Love of the craft leads Betsy Bishop to career as a teacher of theater arts
Betsy Bishop is one of the lucky ones. She gets to do what she loves most and get paid for it.
Bishop teaches drama at Ashland High School. She directs many of the plays and teaches theater arts at all levels. She also teaches English, cinema and stage management.
Brooklyn born, she grew up on Long Island, New York, where she discovered her love of theater, acting in more than 12 productions in high school. They included five dramas, four comedies and three big musicals.
“The joy I had performing all through high school, as well as in college and beyond, led me to teach high school theater,” she said.
Some of her plum high school roles were as Anna in “The King and I,” Mame in “Mame,” and Abigail in “The Crucible.”
She even got to try her hand at directing in those early years.
“I directed ‘Chamber Music,’ a one-act play by absurdist playwright Arthur Kopit. The story is set in 1938 and features eight famous women from different historical periods who all are interned in the same insane asylum.”
She continued her studies at Catholic University of America in Washington, D.C., where she earned a BA in speech and drama
During her college years, she gained considerable backstage experience, working in summer stock at three small theaters as a stage manager, sound operator and wardrobe manager.
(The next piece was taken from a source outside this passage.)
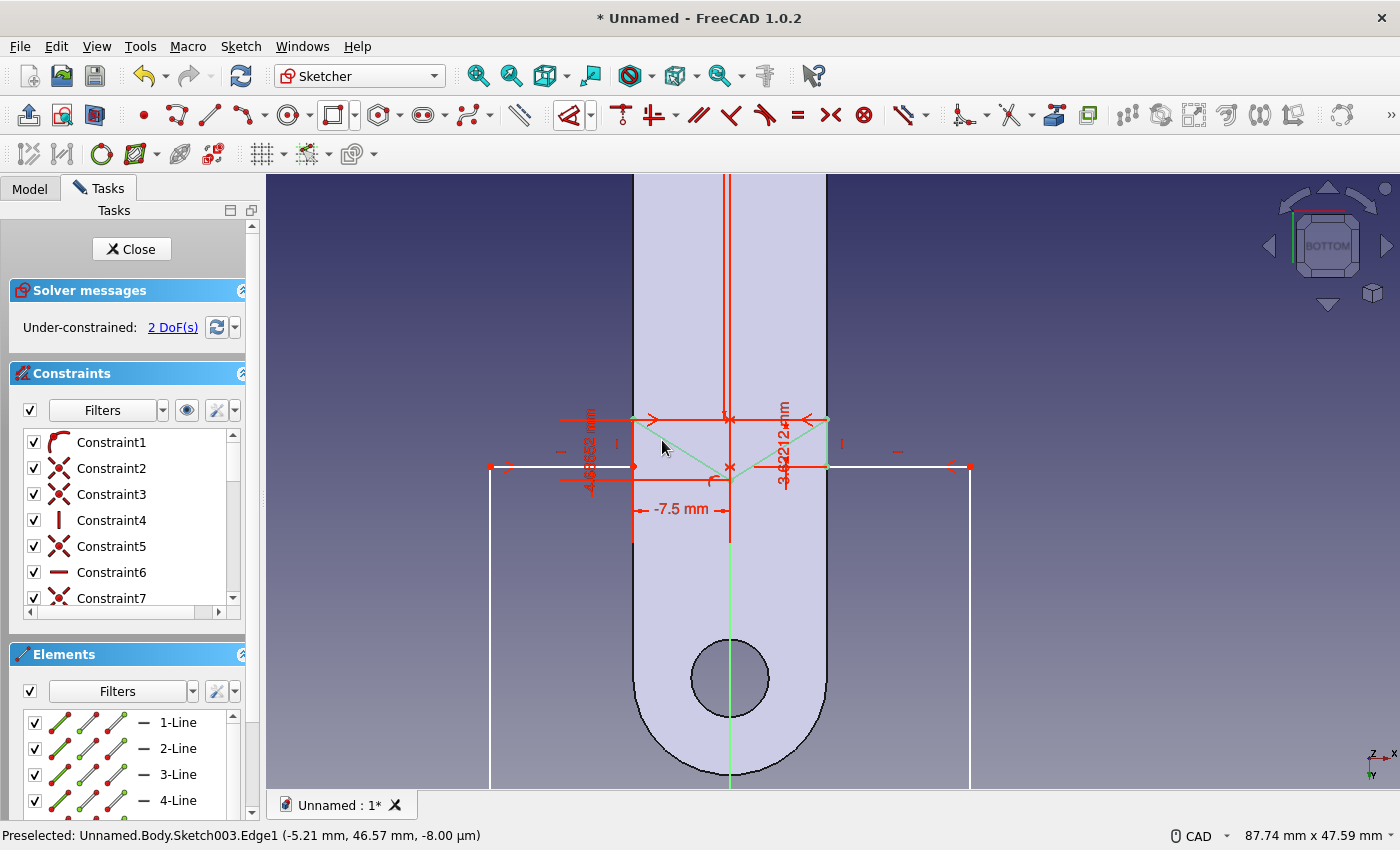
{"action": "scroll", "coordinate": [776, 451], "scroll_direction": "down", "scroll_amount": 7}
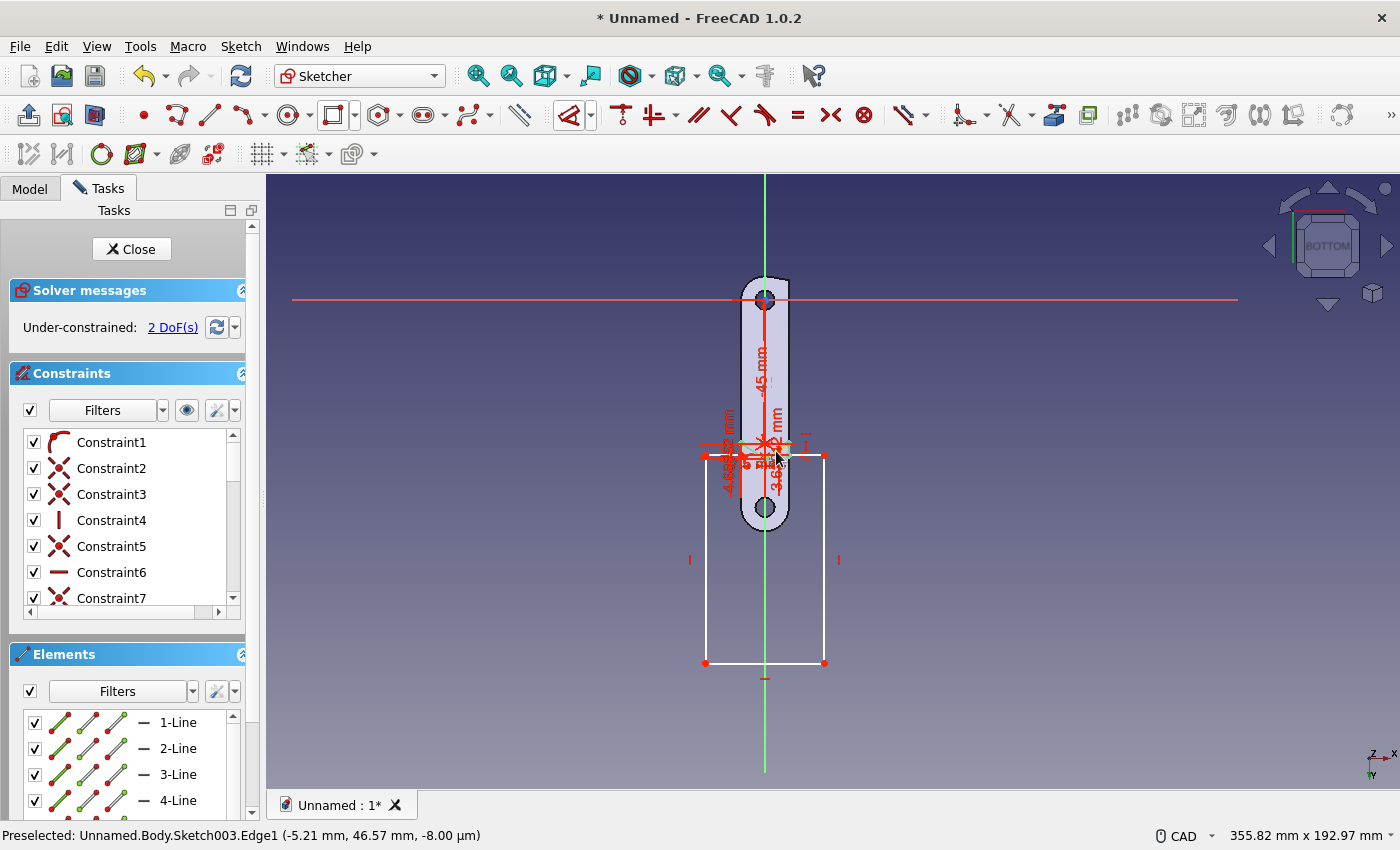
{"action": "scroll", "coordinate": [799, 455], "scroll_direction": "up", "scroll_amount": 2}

Many people along the way have influenced her career — James Haigney, a high school director; Catholic University department chair Father Gilbert Hartke; and her screenwriter/actor husband, Wesley Bishop.
“Each of these artists encouraged me to trust my instincts, learn more, be more collaborative, and deepen my artist vision,” she said.
Add mom and dad to the list.
“My wonderful parents took us to Broadway shows and always encouraged all six of us kids to perform.”
Although her high school theater memories are still vivid, she counts two post-high school roles as unforgettable experiences.
“One of the roles I treasured was as Jill Tanner in ‘Butterflies are Free,’” she said, “because the character was so ditzy and goofy.”
Was it a stretch?
“Well, I can be really goofy, but I am an A-plus overachiever type, so, yes, it was a stretch. I had to say lines like this with a straight face: ‘I was going to go to UCLA, but I couldn’t find a place to park!’”
Playing Miranda in “The Tempest” was also a favorite. It was her first Shakespeare role, where she discovered her love of The Bard’s poetry and drama.
After 33 years on the job, her Ashland High gig continues to be a source of great satisfaction.
“Teaching is the best,” she said. “I really enjoy teenagers, even when they say and do the most ridiculous things. Every year is new and different. I share two joys with my theater kids: We love to perform and we love to learn.”
She regards AHS Theater’s 27-year partnership with the Oregon Shakespeare Festival as game-changing.
“It’s brought so many different artists to our campus,” she said. “It has allowed us to present such a broad spectrum of theater to our students.”
She believes working with OSF professionals has taught students good artist habits, and allows them to see that they, too, might have a life in the arts.
“Even if they don’t pursue the arts, the leadership and communications skills they learn are great for any field,” Bishop said.
The drama department didn’t take a break during the pandemic.
“We carried on and did a virtual take on all of our usual activities,” she said.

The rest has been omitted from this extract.